Adam Roberts' dystopian uptopia pits the pettiness of humans against the vastness of the universe and the unpredictability of reality itself.

'Stone' takes Roberts into the real of what in other hands might be simply space opera. But as usual, Roberts has other interests on his mind. 'Stone' contemplates what humans might do with Utopia, how we might build heaven on earth and elsewhere. The humans that populate Roberts' interstellar utopia find that, in the end, a lot of sex and a little sightseeing might just be the ticket. This enables Roberts to keep the reader's sympathy when his main character is a criminal sprung from a prison in the center of a star and asked to exterminate the population of an entire world. The character becomes both the perpetrator and the detective in a mystery that confronts an ugly humanity that has found stasis and stagnation in an interstellar heaven. 'Stone' finds Roberts joyfully subverting the trends and interests of current science fiction writers. His method of interstellar travel is delightfully inventive. His vision of a society drenched in nanotechnology offers him lots of opportunities for humor and terror. He gets great riffs on both out of the characters he creates, instead of at their expense. In his lonely status, as one of the few criminals in this future perfect, the reader is allowed to discover that the main character is not an outcast, but the penultimate creation of what humanity has become. 'Stone' offers a vision of heaven and hell united in one character, flawed, fun read about and filled with wonder.

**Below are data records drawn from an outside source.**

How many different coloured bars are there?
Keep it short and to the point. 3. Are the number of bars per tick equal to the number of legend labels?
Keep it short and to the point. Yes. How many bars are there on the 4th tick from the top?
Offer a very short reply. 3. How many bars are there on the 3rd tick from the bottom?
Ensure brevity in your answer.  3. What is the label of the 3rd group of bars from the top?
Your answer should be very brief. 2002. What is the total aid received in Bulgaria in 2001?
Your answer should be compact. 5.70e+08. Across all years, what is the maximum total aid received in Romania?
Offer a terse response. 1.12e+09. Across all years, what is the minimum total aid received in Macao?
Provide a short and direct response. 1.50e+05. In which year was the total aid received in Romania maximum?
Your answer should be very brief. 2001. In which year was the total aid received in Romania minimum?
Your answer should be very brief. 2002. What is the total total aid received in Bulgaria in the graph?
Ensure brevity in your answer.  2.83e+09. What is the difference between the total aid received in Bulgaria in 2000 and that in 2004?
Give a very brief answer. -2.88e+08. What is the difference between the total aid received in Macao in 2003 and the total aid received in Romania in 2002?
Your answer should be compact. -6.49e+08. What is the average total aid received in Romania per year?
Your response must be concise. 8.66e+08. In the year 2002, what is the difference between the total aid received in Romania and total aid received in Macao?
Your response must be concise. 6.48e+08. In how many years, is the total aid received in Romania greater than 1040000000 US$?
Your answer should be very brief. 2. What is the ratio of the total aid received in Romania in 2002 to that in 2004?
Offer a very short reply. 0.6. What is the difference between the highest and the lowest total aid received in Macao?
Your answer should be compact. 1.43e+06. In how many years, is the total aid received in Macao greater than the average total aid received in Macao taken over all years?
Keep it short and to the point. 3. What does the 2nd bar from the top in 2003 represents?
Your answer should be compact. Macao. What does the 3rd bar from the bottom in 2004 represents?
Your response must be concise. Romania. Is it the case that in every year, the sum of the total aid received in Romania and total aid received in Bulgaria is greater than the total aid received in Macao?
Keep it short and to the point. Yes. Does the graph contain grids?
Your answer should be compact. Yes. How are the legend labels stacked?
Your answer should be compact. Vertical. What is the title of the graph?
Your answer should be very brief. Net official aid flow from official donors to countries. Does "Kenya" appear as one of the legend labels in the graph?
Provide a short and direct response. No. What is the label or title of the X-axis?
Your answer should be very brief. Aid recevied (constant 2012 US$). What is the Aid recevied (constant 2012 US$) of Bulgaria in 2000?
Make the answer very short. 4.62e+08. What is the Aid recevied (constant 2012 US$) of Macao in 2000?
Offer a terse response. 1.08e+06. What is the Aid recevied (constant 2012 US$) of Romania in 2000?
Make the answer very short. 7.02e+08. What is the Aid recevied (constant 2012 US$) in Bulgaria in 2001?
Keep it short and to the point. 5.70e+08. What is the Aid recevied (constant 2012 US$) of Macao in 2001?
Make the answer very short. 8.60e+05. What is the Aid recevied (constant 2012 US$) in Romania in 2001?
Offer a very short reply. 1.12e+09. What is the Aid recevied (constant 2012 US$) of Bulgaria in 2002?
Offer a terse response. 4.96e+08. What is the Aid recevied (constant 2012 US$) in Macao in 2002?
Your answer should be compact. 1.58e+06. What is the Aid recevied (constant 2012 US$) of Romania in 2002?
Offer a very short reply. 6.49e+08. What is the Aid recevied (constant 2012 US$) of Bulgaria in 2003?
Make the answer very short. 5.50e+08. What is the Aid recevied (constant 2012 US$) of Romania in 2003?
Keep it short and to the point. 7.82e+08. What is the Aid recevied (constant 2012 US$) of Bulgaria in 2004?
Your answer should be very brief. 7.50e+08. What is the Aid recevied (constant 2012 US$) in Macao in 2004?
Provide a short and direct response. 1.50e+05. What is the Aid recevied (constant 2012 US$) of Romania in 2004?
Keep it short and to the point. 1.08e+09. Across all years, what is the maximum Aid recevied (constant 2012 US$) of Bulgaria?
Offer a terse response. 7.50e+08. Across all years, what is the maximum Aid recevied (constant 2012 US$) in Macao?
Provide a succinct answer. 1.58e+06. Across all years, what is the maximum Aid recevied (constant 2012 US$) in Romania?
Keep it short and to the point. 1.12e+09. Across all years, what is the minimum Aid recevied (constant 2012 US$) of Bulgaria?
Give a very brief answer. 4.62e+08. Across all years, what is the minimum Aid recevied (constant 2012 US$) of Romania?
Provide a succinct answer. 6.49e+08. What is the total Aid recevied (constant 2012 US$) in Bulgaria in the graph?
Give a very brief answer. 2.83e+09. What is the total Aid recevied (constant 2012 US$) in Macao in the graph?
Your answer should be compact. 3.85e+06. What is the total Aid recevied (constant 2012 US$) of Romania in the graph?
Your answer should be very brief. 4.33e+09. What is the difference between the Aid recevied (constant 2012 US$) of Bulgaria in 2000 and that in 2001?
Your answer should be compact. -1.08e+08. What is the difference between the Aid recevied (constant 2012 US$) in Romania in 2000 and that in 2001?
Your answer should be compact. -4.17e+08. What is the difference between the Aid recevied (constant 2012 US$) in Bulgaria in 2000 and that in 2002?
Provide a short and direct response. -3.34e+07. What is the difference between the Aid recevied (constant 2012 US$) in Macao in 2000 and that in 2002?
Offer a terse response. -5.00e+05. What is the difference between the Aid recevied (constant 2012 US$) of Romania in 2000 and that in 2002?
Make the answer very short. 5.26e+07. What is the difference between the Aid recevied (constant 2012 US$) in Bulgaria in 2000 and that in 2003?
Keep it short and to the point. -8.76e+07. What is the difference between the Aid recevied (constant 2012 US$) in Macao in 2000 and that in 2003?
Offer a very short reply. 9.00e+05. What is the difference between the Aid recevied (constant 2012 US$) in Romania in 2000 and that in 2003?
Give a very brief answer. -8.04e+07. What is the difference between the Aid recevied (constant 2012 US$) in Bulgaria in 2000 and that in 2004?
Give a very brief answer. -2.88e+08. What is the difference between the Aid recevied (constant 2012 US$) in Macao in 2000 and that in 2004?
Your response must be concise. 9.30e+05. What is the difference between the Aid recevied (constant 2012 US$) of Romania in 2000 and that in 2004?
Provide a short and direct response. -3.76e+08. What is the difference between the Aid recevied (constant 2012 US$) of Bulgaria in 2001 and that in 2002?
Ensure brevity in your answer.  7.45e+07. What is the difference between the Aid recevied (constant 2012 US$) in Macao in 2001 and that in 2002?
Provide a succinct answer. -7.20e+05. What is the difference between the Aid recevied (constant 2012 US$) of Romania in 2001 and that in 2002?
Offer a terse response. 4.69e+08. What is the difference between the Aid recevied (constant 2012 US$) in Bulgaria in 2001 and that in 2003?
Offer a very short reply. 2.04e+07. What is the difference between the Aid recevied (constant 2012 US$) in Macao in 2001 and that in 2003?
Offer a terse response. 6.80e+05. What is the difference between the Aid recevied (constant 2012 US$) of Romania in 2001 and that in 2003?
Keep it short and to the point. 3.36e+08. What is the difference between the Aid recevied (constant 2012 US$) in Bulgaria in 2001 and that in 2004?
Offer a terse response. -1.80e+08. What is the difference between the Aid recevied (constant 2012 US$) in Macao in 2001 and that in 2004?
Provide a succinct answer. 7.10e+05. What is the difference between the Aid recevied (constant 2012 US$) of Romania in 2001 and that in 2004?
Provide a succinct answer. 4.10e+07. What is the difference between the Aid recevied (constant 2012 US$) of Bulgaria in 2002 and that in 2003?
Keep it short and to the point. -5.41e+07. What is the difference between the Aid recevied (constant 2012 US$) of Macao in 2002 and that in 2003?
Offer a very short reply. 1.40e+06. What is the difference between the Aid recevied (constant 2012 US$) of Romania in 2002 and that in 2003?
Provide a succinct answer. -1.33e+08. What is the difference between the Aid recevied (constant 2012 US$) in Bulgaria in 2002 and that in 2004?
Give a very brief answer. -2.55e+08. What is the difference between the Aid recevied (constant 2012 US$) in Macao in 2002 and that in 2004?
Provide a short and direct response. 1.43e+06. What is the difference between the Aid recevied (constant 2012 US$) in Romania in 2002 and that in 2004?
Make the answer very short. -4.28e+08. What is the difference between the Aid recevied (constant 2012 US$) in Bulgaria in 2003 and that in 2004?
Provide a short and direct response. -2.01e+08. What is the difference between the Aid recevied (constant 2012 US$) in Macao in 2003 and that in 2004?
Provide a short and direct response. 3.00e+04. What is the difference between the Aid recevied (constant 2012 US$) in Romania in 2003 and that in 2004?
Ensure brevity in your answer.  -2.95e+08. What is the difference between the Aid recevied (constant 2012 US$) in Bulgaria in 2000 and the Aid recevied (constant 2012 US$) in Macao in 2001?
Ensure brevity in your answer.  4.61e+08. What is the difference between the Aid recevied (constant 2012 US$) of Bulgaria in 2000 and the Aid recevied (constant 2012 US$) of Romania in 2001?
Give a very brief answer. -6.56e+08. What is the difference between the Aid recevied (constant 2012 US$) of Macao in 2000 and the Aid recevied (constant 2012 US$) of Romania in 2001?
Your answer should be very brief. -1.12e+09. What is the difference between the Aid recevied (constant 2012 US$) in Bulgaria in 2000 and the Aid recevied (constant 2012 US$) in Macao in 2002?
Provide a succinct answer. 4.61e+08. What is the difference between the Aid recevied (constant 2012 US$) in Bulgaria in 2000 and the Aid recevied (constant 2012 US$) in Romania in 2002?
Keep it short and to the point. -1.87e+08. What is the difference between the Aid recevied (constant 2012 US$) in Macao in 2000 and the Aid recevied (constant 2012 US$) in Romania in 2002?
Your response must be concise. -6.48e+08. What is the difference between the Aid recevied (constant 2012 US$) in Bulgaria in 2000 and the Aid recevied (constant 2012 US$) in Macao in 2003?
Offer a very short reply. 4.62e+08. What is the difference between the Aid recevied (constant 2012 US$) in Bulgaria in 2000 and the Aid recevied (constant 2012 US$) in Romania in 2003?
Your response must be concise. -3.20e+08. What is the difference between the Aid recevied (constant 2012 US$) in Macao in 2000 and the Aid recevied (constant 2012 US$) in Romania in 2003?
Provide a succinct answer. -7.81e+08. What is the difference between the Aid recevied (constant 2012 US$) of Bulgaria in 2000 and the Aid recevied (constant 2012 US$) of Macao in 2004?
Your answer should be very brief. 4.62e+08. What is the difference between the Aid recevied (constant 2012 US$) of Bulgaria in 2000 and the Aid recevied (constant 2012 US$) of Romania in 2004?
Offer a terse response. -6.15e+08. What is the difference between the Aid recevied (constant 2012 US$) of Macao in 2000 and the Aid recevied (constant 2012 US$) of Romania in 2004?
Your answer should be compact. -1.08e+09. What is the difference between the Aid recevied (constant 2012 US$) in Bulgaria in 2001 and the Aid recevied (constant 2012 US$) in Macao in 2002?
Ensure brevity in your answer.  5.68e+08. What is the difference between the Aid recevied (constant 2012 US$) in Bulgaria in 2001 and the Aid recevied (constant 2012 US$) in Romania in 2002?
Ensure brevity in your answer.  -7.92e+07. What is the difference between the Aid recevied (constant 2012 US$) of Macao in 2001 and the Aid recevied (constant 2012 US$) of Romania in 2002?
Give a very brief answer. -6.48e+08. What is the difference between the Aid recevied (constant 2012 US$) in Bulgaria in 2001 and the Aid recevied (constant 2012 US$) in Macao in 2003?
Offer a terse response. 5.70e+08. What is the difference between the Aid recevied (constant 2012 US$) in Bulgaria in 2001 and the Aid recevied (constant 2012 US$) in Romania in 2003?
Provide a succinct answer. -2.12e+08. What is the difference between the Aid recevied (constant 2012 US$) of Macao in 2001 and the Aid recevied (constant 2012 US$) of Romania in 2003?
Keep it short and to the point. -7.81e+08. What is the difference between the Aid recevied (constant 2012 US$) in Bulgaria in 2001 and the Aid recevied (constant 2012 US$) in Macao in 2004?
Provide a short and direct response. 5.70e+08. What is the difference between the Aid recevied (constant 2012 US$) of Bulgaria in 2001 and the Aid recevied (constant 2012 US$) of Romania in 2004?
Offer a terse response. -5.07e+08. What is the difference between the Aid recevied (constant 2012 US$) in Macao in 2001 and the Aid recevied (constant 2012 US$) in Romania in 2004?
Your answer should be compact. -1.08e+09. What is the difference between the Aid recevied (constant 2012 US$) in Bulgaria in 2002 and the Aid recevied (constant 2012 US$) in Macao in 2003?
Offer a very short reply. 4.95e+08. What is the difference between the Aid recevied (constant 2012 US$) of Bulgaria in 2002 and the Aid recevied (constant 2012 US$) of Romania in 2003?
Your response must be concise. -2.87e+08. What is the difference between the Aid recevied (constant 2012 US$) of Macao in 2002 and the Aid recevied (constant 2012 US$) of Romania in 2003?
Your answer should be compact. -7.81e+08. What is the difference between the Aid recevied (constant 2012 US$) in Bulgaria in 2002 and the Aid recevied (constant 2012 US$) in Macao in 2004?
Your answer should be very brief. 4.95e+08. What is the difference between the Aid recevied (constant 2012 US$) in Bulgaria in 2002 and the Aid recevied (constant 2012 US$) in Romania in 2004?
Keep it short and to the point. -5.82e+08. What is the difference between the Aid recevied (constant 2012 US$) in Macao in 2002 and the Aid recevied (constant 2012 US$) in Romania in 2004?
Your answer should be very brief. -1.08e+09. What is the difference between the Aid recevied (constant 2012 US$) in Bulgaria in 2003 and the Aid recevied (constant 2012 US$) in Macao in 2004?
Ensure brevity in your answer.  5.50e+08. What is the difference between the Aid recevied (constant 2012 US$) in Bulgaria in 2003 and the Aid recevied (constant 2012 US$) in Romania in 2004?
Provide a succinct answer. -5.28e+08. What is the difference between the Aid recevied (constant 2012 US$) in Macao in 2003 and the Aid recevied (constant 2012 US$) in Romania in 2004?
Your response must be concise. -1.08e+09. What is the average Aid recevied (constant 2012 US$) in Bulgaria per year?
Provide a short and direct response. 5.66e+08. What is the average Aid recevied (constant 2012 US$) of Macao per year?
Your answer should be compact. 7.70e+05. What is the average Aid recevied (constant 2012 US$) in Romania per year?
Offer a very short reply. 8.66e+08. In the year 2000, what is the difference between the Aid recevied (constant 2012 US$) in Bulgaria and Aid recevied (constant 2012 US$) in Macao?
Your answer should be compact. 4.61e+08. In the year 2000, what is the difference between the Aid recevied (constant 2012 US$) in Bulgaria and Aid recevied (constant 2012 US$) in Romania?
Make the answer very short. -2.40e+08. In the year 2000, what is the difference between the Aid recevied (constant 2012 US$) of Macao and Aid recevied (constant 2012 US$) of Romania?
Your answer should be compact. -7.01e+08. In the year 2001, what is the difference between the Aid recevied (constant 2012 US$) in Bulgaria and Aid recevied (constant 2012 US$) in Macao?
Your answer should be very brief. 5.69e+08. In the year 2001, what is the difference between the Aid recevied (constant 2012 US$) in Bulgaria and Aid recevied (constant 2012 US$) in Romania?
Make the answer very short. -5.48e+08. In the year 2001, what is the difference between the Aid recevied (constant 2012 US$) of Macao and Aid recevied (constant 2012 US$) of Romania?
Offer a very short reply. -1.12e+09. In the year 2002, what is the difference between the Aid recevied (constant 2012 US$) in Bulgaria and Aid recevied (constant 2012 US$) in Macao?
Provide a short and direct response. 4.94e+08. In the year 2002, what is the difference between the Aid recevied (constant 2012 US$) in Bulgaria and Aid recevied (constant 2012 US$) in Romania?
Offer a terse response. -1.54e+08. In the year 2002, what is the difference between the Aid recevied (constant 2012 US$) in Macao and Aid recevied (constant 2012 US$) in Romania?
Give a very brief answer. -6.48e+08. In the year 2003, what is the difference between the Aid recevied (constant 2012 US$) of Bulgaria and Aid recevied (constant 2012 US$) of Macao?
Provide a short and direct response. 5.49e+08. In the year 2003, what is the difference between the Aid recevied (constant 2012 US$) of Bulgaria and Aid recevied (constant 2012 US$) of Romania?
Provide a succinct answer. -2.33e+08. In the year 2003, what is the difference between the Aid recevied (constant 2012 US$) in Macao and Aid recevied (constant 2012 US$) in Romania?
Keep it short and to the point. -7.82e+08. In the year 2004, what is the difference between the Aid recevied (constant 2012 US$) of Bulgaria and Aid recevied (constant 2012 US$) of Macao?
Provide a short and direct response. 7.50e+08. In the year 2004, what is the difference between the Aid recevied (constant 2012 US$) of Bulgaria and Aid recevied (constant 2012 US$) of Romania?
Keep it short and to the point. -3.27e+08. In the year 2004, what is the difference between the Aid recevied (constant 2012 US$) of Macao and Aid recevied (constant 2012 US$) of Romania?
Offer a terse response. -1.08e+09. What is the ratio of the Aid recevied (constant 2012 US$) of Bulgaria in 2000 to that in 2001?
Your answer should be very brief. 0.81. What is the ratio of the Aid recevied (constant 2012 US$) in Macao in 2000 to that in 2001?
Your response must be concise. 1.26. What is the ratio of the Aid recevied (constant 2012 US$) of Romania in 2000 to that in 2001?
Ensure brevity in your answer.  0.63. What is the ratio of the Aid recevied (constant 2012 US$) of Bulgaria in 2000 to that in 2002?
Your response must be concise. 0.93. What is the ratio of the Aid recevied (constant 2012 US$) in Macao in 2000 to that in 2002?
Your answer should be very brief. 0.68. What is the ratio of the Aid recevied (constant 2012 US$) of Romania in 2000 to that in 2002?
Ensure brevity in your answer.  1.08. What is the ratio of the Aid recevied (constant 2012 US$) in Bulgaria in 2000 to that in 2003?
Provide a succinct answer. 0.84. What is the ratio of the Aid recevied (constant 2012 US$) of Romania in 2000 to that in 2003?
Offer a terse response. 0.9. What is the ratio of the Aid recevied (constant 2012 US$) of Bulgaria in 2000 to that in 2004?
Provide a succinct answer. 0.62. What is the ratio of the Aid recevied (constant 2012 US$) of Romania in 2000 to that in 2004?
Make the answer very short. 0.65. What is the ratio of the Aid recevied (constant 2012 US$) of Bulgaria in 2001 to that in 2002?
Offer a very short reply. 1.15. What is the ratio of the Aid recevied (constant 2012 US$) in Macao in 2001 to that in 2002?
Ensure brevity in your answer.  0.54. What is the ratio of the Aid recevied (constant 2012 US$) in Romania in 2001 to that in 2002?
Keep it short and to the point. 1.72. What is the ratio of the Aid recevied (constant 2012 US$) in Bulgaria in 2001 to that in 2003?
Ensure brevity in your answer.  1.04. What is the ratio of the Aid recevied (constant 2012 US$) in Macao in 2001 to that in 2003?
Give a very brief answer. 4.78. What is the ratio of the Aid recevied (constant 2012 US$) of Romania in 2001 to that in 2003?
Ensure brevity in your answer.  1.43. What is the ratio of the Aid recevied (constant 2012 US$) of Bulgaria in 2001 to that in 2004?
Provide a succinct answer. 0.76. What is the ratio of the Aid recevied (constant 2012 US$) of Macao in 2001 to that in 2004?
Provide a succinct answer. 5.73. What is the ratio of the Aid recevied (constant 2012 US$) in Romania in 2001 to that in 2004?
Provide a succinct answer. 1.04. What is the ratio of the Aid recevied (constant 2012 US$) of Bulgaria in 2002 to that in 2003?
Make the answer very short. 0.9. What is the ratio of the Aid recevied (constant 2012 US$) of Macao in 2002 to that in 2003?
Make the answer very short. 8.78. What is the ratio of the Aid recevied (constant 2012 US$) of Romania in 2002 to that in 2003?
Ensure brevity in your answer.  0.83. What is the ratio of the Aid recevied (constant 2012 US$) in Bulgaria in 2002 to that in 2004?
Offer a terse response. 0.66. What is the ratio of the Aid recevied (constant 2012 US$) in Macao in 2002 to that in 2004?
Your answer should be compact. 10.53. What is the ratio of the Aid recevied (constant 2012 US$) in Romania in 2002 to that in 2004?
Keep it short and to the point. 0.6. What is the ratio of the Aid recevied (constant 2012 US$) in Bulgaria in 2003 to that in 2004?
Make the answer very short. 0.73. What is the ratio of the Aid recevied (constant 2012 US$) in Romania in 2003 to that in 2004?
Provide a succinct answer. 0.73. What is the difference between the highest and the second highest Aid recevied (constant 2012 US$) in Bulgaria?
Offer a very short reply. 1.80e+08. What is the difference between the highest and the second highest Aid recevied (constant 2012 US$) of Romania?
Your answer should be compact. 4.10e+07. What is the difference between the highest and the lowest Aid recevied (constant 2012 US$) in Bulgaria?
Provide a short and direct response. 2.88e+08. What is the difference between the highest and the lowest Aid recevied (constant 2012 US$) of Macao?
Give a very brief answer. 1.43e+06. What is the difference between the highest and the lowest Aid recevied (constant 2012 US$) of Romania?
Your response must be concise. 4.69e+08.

Roberts is currently working on a collection of short stories that are written in each of science fictions' sub-genres, further evidence of his willingness to us the tools with literary skill and savage intent. His work is always cuttingly clear, readably transparent. Roberts' novels are not always comfortable reading. There are no "feel-good" moments to be found here. It's great science fiction in the tradition of the earliest writers, who wanted to turn what has become a ghetto into a literature of ideas. Readers who want to get off the wagon train need only pick up Roberts' novels to find that there are more ideas in this universe than are accounted for by our philosophers. Our writers are doing an excellent job at taking up the slack.